Note: we did a little preprocessing of the raw data from the MIT Election Data Science Lab to extract counties that have both election and demographic data.

The vote data consists of votes per candidate for each county in the US for presidential elections from 2000 to 2020. Each county is identified by its FIPS code. The FIPS code is a five digit integer representing the state and county within the state. We represent the FIPS code as a string since some codes start with zero.

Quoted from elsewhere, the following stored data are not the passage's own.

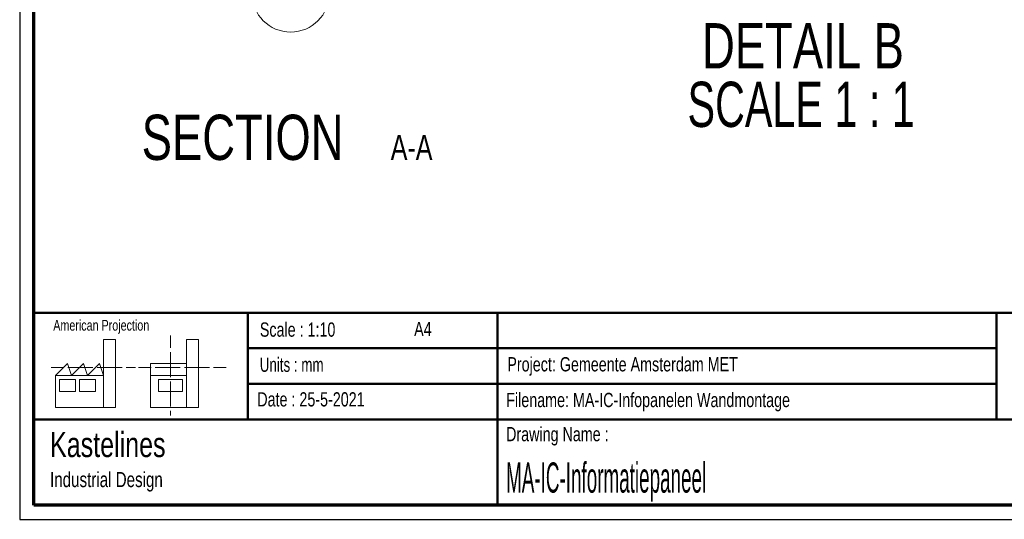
# Paper-space layout 'Sheet4' of a CAD drawing. Header units: millimetres. Extents: x 7 to 291, y 7 to 1086.
# Tile 1 of 5: x 7 to 145, y 7 to 77. Entities that reach past the tile are written whole.
import ezdxf

# ---------------------------------------------------------------- set-up
doc = ezdxf.new("R2010")
doc.units = ezdxf.units.MM
for name, color, linetype in [('BORDERS', 7, 'Continuous'), ('DRAWING', 7, 'Continuous'), ('TEXT_SHEET_FORMAT', 7, 'Continuous')]:
    doc.layers.add(name, color=color, linetype=linetype)
doc.styles.add('SLDTEXTSTYLE0', font='TXT', dxfattribs={"width": 0.7})
doc.styles.add('SLDTEXTSTYLE1', font='TXT', dxfattribs={"width": 0.75})
doc.styles.add('SLDTEXTSTYLE7', font='TXT', dxfattribs={"width": 0.467045})
doc.styles.add('SLDTEXTSTYLE8', font='TXT', dxfattribs={"width": 0.681818})

# ---------------------------------------------------------------- blocks, each defined once
blk = doc.blocks.new('SW_NOTE_0_29')
at = {"layer": 'DRAWING', "color": 0, "attachment_point": 1, "style": 'SLDTEXTSTYLE1'}
for s, insert, char_height in [('Kastelines', (0, 4.51), 3.5), ('Industrial Design', (0, -1.09), 2.1167)]:
    blk.add_mtext(s, dxfattribs=dict(at, insert=insert, char_height=char_height))
blk = doc.blocks.new('SW_NOTE_0_30')
at = {"layer": 'DRAWING', "color": 0, "attachment_point": 2, "style": 'SLDTEXTSTYLE1'}
for s, insert, char_height in [('SECTION', (17.36, 8.19), 6.35), ('A-A', (41.06, 5.35), 3.5)]:
    blk.add_mtext(s, dxfattribs=dict(at, insert=insert, char_height=char_height))
blk = doc.blocks.new('SW_NOTE_0_31')
at = {"layer": 'DRAWING', "color": 0, "char_height": 6.35, "attachment_point": 2}
for s, insert, style in [('DETAIL B', (16.57, 8.19), 'SLDTEXTSTYLE1'), ('SCALE 1 : 1', (16.31, -0.03), 'SLDTEXTSTYLE8')]:
    blk.add_mtext(s, dxfattribs=dict(at, insert=insert, style=style))

psp = doc.layouts.new('Sheet4')

# ---------------------------------------------------------------- linework, layer by layer
at = {"color": 7, "linetype": 'Continuous', "lineweight": 18}
psp.add_circle((44.57, 80.58), 5.42, dxfattribs=at)
at = {"layer": 'BORDERS', "lineweight": 70}
for p, q in [((8.57, 8.78), (8.57, 201.78)), ((288.57, 8.78), (8.57, 8.78))]:
    psp.add_line(p, q, dxfattribs=at)
at = {"layer": 'BORDERS', "lineweight": 50}
for p, q in [((8.57, 35.78), (288.57, 35.78)), ((38.57, 35.78), (38.57, 20.78)), ((73.57, 35.78), (73.57, 8.78)), ((143.57, 35.78), (143.57, 20.78)), ((38.57, 30.78), (143.57, 30.78)), ((38.57, 25.78), (143.57, 25.78)), ((8.57, 20.78), (288.57, 20.78))]:
    psp.add_line(p, q, dxfattribs=at)
at = {"layer": 'TEXT_SHEET_FORMAT'}
for p, q in [((6.57, 203.78), (6.57, 6.78)), ((6.57, 6.78), (290.57, 6.78))]:
    psp.add_line(p, q, dxfattribs=at)
at = {"layer": 'TEXT_SHEET_FORMAT', "color": 7, "linetype": 'Continuous', "lineweight": 18}
for p, q in [((18.32, 26.97), (18.32, 32.04)), ((18.32, 32.04), (20, 32.04)), ((20, 32.04), (20, 22.47)), ((27.73, 32.6), (27.73, 30.84)), ((31.65, 32.03), (29.97, 32.03)), ((29.97, 32.03), (29.97, 22.47)), ((31.65, 26.97), (31.65, 32.03)), ((27.73, 30.25), (27.73, 28.49)), ((10.98, 28.1), (12.74, 28.1)), ((11.59, 26.97), (13.28, 28.66)), ((13.28, 28.66), (13.84, 26.97)), ((13.32, 28.1), (15.08, 28.1)), ((13.84, 26.97), (15.52, 28.66)), ((15.08, 28.1), (16.83, 28.1)), ((15.52, 28.66), (16.08, 26.97)), ((16.08, 26.97), (17.76, 28.66)), ((17.42, 28.1), (19.17, 28.1)), ((17.76, 28.66), (18.32, 26.97)), ((19.17, 28.1), (20.93, 28.1)), ((21.51, 28.1), (22.81, 28.1)), ((23.24, 28.1), (25, 28.1)), ((24.93, 28.66), (24.93, 26.97)), ((24.93, 28.66), (29.97, 28.66)), ((25.58, 28.1), (27.34, 28.1)), ((27.34, 28.1), (29.09, 28.1)), ((27.73, 28.49), (27.73, 26.73)), ((29.68, 28.1), (31.43, 28.1)), ((31.43, 28.1), (33.19, 28.1)), ((33.77, 28.1), (35.53, 28.1)), ((18.32, 26.97), (11.59, 26.97)), ((11.59, 26.97), (11.59, 22.47)), ((12.16, 26.41), (14.4, 26.41)), ((12.16, 24.72), (12.16, 26.41)), ((14.4, 26.41), (14.4, 24.72)), ((14.96, 26.41), (17.2, 26.41)), ((14.96, 24.72), (14.96, 26.41)), ((17.2, 26.41), (17.2, 24.72)), ((18.32, 26.97), (18.32, 22.47)), ((24.93, 26.97), (29.97, 26.97)), ((24.93, 26.97), (24.93, 22.47)), ((26.05, 26.41), (29.41, 26.41)), ((26.05, 24.72), (26.05, 26.41)), ((29.41, 26.41), (29.41, 24.72)), ((31.65, 26.97), (31.65, 22.47)), ((27.73, 26.14), (27.73, 24.38)), ((14.4, 24.72), (12.16, 24.72)), ((17.2, 24.72), (14.96, 24.72)), ((29.41, 24.72), (26.05, 24.72)), ((27.73, 24.38), (27.73, 22.62)), ((11.59, 22.47), (18.32, 22.47)), ((18.32, 22.47), (20, 22.47)), ((24.93, 22.47), (31.65, 22.47)), ((27.73, 22.03), (27.73, 21.34))]:
    psp.add_line(p, q, dxfattribs=at)

# ---------------------------------------------------------------- block references
at = {"layer": 'DRAWING'}
for name, p in [('SW_NOTE_0_31', (99.85, 68.22)), ('SW_NOTE_0_30', (20.47, 55.37)), ('SW_NOTE_0_29', (10.83, 14.51))]:
    psp.add_blockref(name, p, dxfattribs=at)

# ---------------------------------------------------------------- texts
at = {"layer": 'TEXT_SHEET_FORMAT', "attachment_point": 1}
for s, insert, char_height, style in [('American Projection', (11.28, 34.76), 1.5, 'SLDTEXTSTYLE1'), ('Scale : 1:10', (40.25, 34.41), 2, 'SLDTEXTSTYLE1'), ('A4', (61.89, 34.49), 2, 'SLDTEXTSTYLE1'), ('Units : mm', (40.24, 29.48), 2, 'SLDTEXTSTYLE0'), ('Project: Gemeente Amsterdam MET', (74.96, 29.54), 2, 'SLDTEXTSTYLE1'), ('Date : 25-5-2021', (39.89, 24.62), 2, 'SLDTEXTSTYLE1'), ('Filename: MA-IC-Infopanelen Wandmontage', (74.8, 24.53), 2, 'SLDTEXTSTYLE1'), ('Drawing Name :', (74.78, 19.74), 2, 'SLDTEXTSTYLE1')]:
    psp.add_mtext(s, dxfattribs=dict(at, insert=insert, char_height=char_height, style=style))
at = {"layer": 'TEXT_SHEET_FORMAT', "color": 218, "insert": (74.78, 14.76), "char_height": 4.2333, "attachment_point": 1, "style": 'SLDTEXTSTYLE7'}
psp.add_mtext('MA-IC-Informatiepaneel', dxfattribs=at)

doc.saveas('drawing.dxf')

Note: Broomfield County CO (FIPS code 08014) did not exist in 2000

votes = pd.read_csv("https://raw.githubusercontent.com/slinderman/stats305b/winter2024/assignments/hw2/votes.csv")
votes.fips = votes.fips.apply(lambda x: str(int(x)).zfill(5))
votes
year state state_po county_name fips candidate party totalvotes candidatevotes
0 2000 ALABAMA AL AUTAUGA 01001 AL GORE DEMOCRAT 17208 4942
1 2000 ALABAMA AL AUTAUGA 01001 GEORGE W. BUSH REPUBLICAN 17208 11993
2 2000 ALABAMA AL AUTAUGA 01001 OTHER OTHER 17208 113
3 2000 ALABAMA AL AUTAUGA 01001 RALPH NADER GREEN 17208 160
4 2000 ALABAMA AL BALDWIN 01003 AL GORE DEMOCRAT 56480 13997
... ... ... ... ... ... ... ... ... ...
63206 2020 WYOMING WY WASHAKIE 56043 OTHER OTHER 4032 71
63207 2020 WYOMING WY WESTON 56045 DONALD J TRUMP REPUBLICAN 3560 3107
63208 2020 WYOMING WY WESTON 56045 JO JORGENSEN LIBERTARIAN 3560 46
63209 2020 WYOMING WY WESTON 56045 JOSEPH R BIDEN JR DEMOCRAT 3560 360
63210 2020 WYOMING WY WESTON 56045 OTHER OTHER 3560 47

63211 rows × 9 columns

Load the demographic data#

We also have county-level demographic data for all counties except those in Alaska. The data was collected in 2018. The fields of the table are described here. Note that each county has a matching FIPS code, again represented as a five digit string.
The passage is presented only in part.